I'm seeing your image full sized, so it seems like it's working already (unless that's since your last edit).

On the topic at hand, I guess I'm kind of a weirdo. A lot of my watches happen to have solid resale value, but it's literally not something I factor in when I buy a watch.

As per public perception, I wouldn't say the perception is negative at all, I'd just say relatively unknown. But that's not really all that rare. The non-WUS public only knows maybe a dozen brands in general, even if we include famous affordable brands like Casio and Citizen.

I'd also say that I never really cared about public perception either, but it does interest me in a sort of intellectual level.
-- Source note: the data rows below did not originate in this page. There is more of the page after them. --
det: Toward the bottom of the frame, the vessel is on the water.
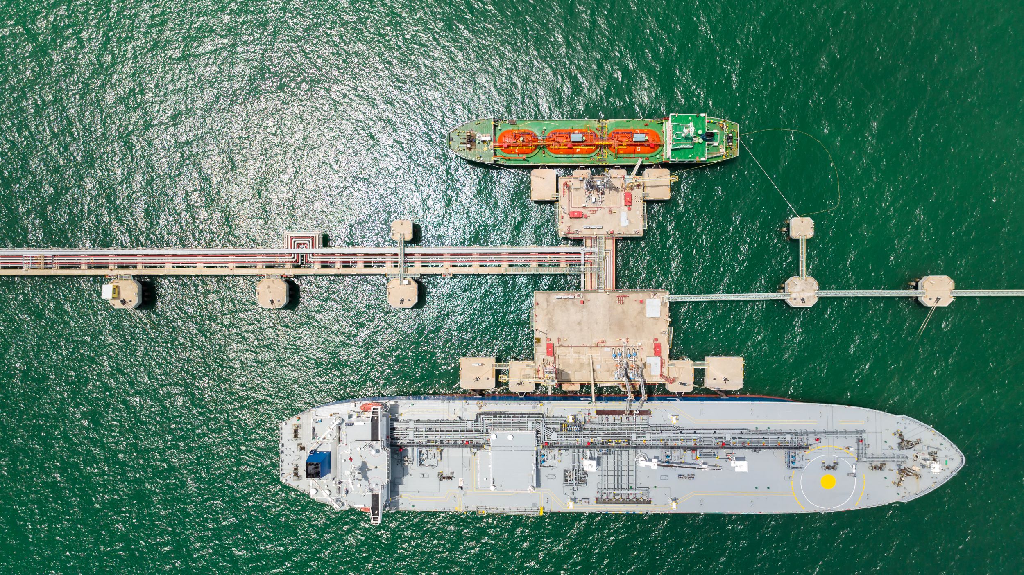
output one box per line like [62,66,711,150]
[280,395,966,526]
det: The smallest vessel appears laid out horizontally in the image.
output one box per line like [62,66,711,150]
[446,112,740,167]
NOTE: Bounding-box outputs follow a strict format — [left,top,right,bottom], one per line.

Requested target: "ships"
[280,395,966,526]
[446,112,740,167]
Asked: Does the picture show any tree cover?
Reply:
No
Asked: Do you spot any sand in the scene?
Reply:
No
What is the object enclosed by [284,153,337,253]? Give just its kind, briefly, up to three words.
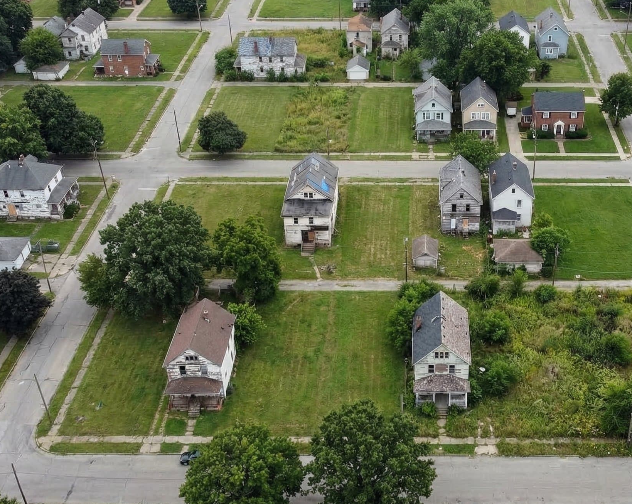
house
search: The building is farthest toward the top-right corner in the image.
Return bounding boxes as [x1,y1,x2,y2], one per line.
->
[537,3,570,54]
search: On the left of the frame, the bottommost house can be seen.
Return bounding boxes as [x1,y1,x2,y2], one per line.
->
[161,298,234,416]
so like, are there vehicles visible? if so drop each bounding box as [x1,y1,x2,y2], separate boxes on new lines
[505,95,517,115]
[177,448,209,465]
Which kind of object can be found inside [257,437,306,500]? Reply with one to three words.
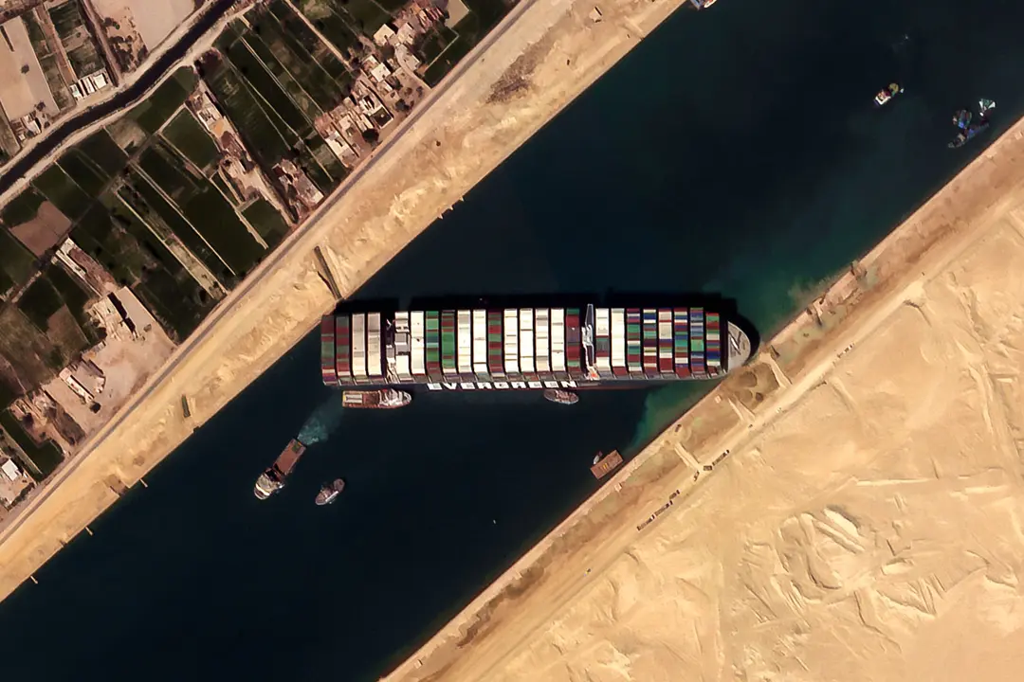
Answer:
vessel
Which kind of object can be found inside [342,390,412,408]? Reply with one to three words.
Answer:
vessel
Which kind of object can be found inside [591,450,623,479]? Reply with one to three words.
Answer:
ship

If I had to guess Alpina would do well with the general public because it has no negative connotation associated with, it's Swiss and they look nice and usually have pretty movements. I'm a huge Grand Seiko fan, but in terms of public perception it sort of has to prove itself because of most people's association of Seiko with mid-priced watches, and in a sense Alpina benefits from starting with a clean slate.


----------



## MC88

I'm considering adding the Extreme Diver to my collection, next. It's definitely in the running for my next dive watch. Alpina is in my book a very high quality watch, no matter any public misconceptions.


----------



## Streetboss

I have a Seastrong Diver and I think Alpina makes a pretty good watch. I bought mine before some of the deep discounts in the gray market appeared but I don't regret it. I am trying to move the watch along now because I don't wear it enough and it deserves to be worn.
Kevin


----------



## Robert Nalbandov

Alpinas, IMHO, have a great value as a nice watch and a precise instrument. I do agree, though, that a lot depends on advertising: where they do it and who does matters. Celebrities go for big-bang watches, like Rolex, Hublot, AP, VC, etc. I think Kevin Costner is among the few who are working with low-end watches: he is advertising Jacques Lemans, if I am not mistaken.


----------



## kb.watch

I think alpinas perception is pretty flat but I'm okay with that. I only started coming around after putting on the heritage diver. That watch is beautiful.


----------



## JMD1082

I picked up a Star timer Chrono an love it. I realized the perception was lacking when friends noticed I had a new watch asked to see it and then were like "nice" but didn't really know the brand. Like others have said doesn't bother me much. I know I have a great watch and I like the fact that not everyone has one. I like to think of it as driving an Alpha Romeo or Aston Martin. Not everyone knows them, but they look sexy and are awesome sports cars.


----------



## wolfpack1995

I really like the Alpiner 4 GMT, nice looking watch but the rest of the line does nothing for me. Seems like the best way to buy an Alpina is used or grey market.


----------



## NegNoodles

I've always heard that Alpina is a solid brand, but I guess it's not too well known. I live in Canada, and the malls here only carry brand names. So unless you're an actual enthusiast, chances are you'll probably never hear of this name.


----------



## stipebst

Chronograph from picture above looks nothing less good as white daytona


----------